Category: Taxation

  • Support for leaf export levy

    Support for leaf export levy

    Some anti-tobacco campaigners and economists in Bangladesh have said that the withdrawal of a 25 percent customs duty on leaf-tobacco exports would encourage growers to cultivate more tobacco, despite the health and environmental hazards the crop poses, according to a story in The Dhaka Tribune.
    In his recent budget speech, Finance Minister A.M.A. Muhith said he had proposed the withdrawal of the customs duty in order ‘to reduce domestic consumption by encouraging exports’.
    However, anti-tobacco campaigners and economists condemned the move, expressing fears that farmers would put more focus on tobacco cultivation and eschew other crops if the customs duty were removed.
    “When Bangladesh is supposed to be reducing the production of tobacco, it is giving incentives to increase production by withdrawing duties on exports instead,” Dr.
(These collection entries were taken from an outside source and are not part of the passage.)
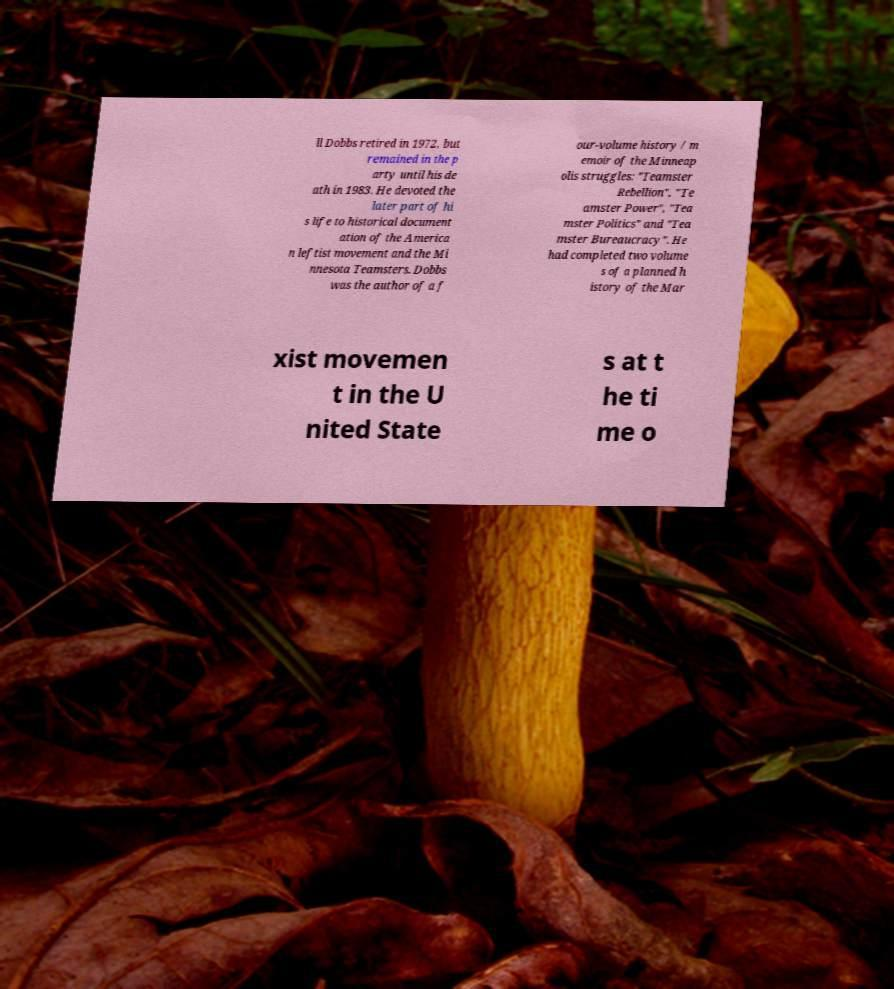Could you extract and type out the text from this image? ll Dobbs retired in 1972, but remained in the p arty until his de ath in 1983. He devoted the later part of hi s life to historical document ation of the America n leftist movement and the Mi nnesota Teamsters. Dobbs was the author of a f our-volume history / m emoir of the Minneap olis struggles: "Teamster Rebellion", "Te amster Power", "Tea mster Politics" and "Tea mster Bureaucracy". He had completed two volume s of a planned h istory of the Mar xist movemen t in the U nited State s at t he ti me o 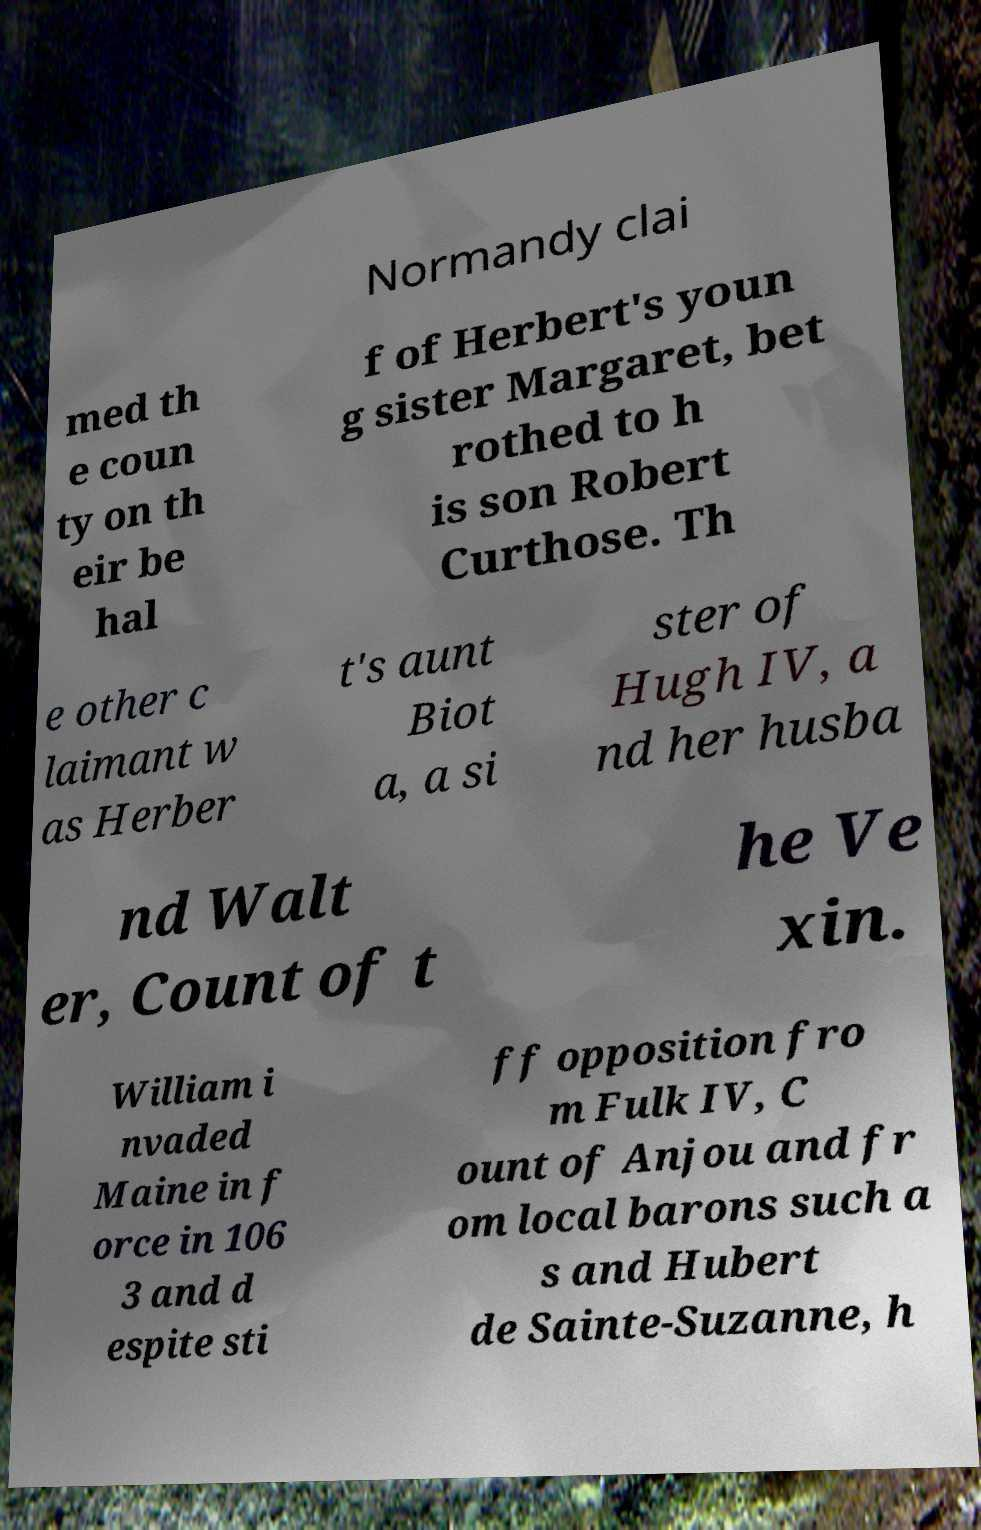There's text embedded in this image that I need extracted. Can you transcribe it verbatim? Normandy clai med th e coun ty on th eir be hal f of Herbert's youn g sister Margaret, bet rothed to h is son Robert Curthose. Th e other c laimant w as Herber t's aunt Biot a, a si ster of Hugh IV, a nd her husba nd Walt er, Count of t he Ve xin. William i nvaded Maine in f orce in 106 3 and d espite sti ff opposition fro m Fulk IV, C ount of Anjou and fr om local barons such a s and Hubert de Sainte-Suzanne, h 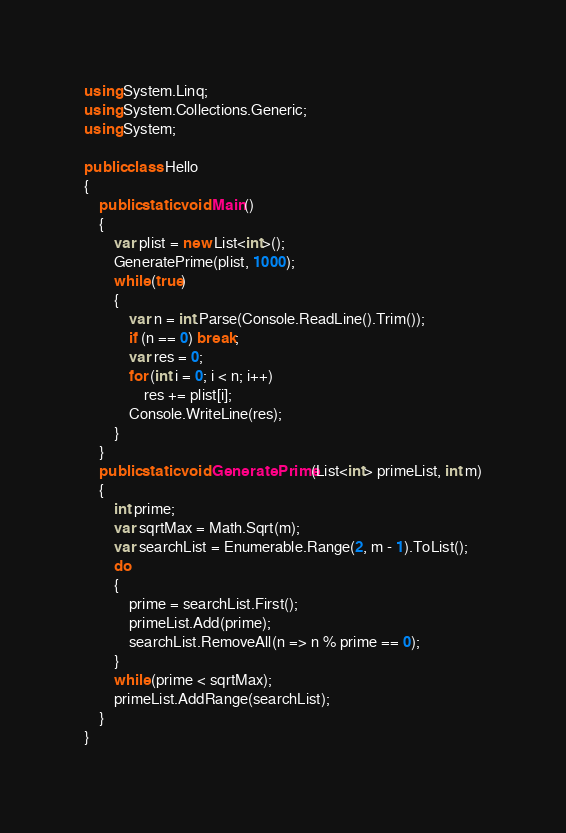<code> <loc_0><loc_0><loc_500><loc_500><_C#_>using System.Linq;
using System.Collections.Generic;
using System;

public class Hello
{
    public static void Main()
    {
        var plist = new List<int>();
        GeneratePrime(plist, 1000);
        while (true)
        {
            var n = int.Parse(Console.ReadLine().Trim());
            if (n == 0) break;
            var res = 0;
            for (int i = 0; i < n; i++)
                res += plist[i];
            Console.WriteLine(res);
        }
    }
    public static void GeneratePrime(List<int> primeList, int m)
    {
        int prime;
        var sqrtMax = Math.Sqrt(m);
        var searchList = Enumerable.Range(2, m - 1).ToList();
        do
        {
            prime = searchList.First();
            primeList.Add(prime);
            searchList.RemoveAll(n => n % prime == 0);
        }
        while (prime < sqrtMax);
        primeList.AddRange(searchList);
    }
}</code> 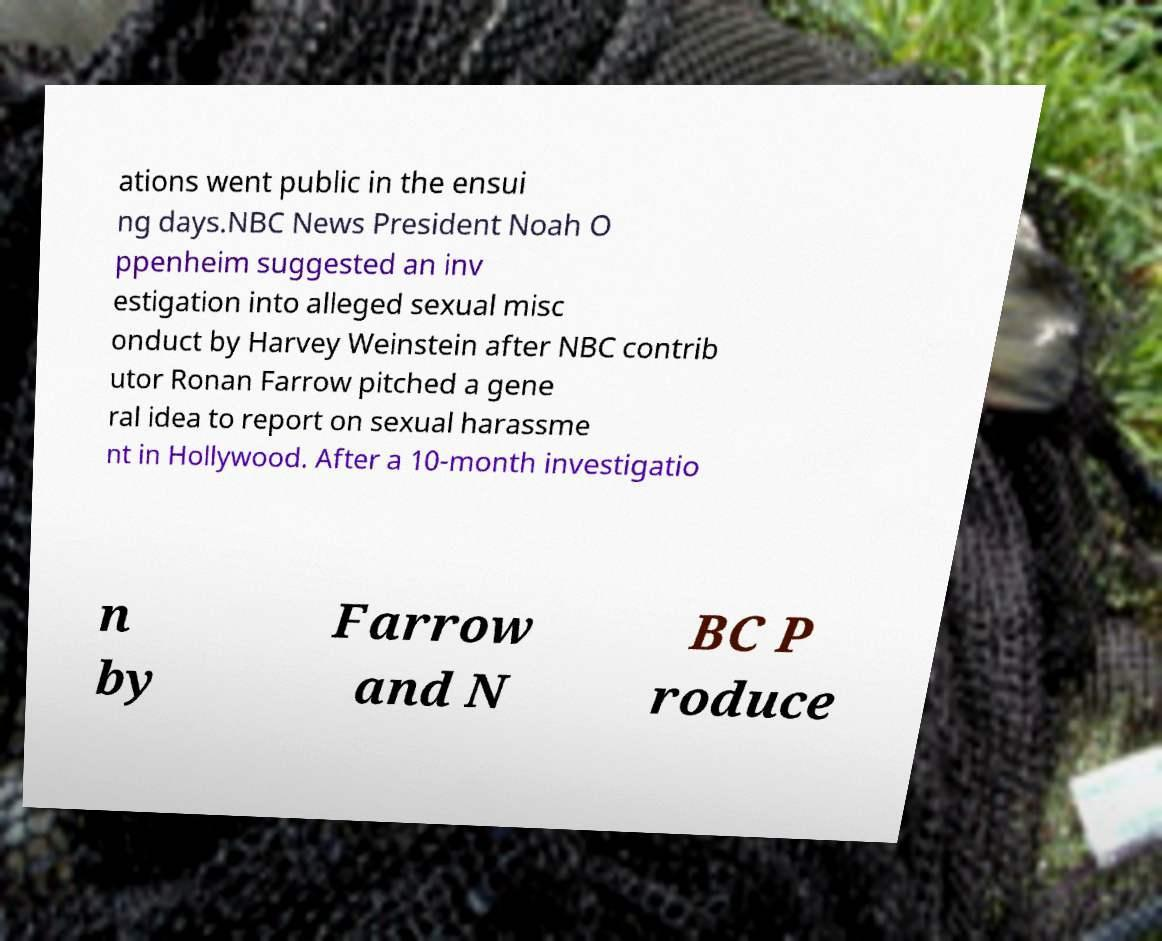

M Asaduzzaman, distinguished fellow of the Bangladesh Institute of Development Studies, reportedly told the Tribune.
    If the customs duty were withdrawn, farmers would get better prices and would be encouraged to cultivate more tobacco while shifting away from other crops, he added.
    The economist said also that if the government wanted to reduce domestic tobacco consumption, it needed to take stricter measures than incentivizing exports.
    Meanwhile, A.B.M. Zubair, executive director of the anti-tobacco NGO, Progga, said Bangladesh’s food security would come under threat if the duty were removed, not only because farmers might shift away from food crops, but also because tobacco cultivation had a negative impact on the fertility of the soil and the environment.
    The Tribune reported that, according to a report by the World Health Organization titled Tobacco and its environmental impact: an overview, tobacco cultivation is associated with land degradation or desertification in the form of soil erosion, reduced soil fertility and productivity, and the disruption of water cycles.
    The report said that cultivation and curing of tobacco were both direct causes of deforestation, because forests were cleared for tobacco plantations and wood was burned to cure the leaves.
    Moreover, chemicals used to control a weed commonly found in the tobacco fields of Bangladesh were found to have been polluting aquatic environments and destroying fish supplies, as well as soil organisms needed to maintain soil health.
    Farming communities were exposed to health risks caused by the chemical pollution of their environment because tobacco growers used abnormal fertilizers and chemicals to attain higher yields.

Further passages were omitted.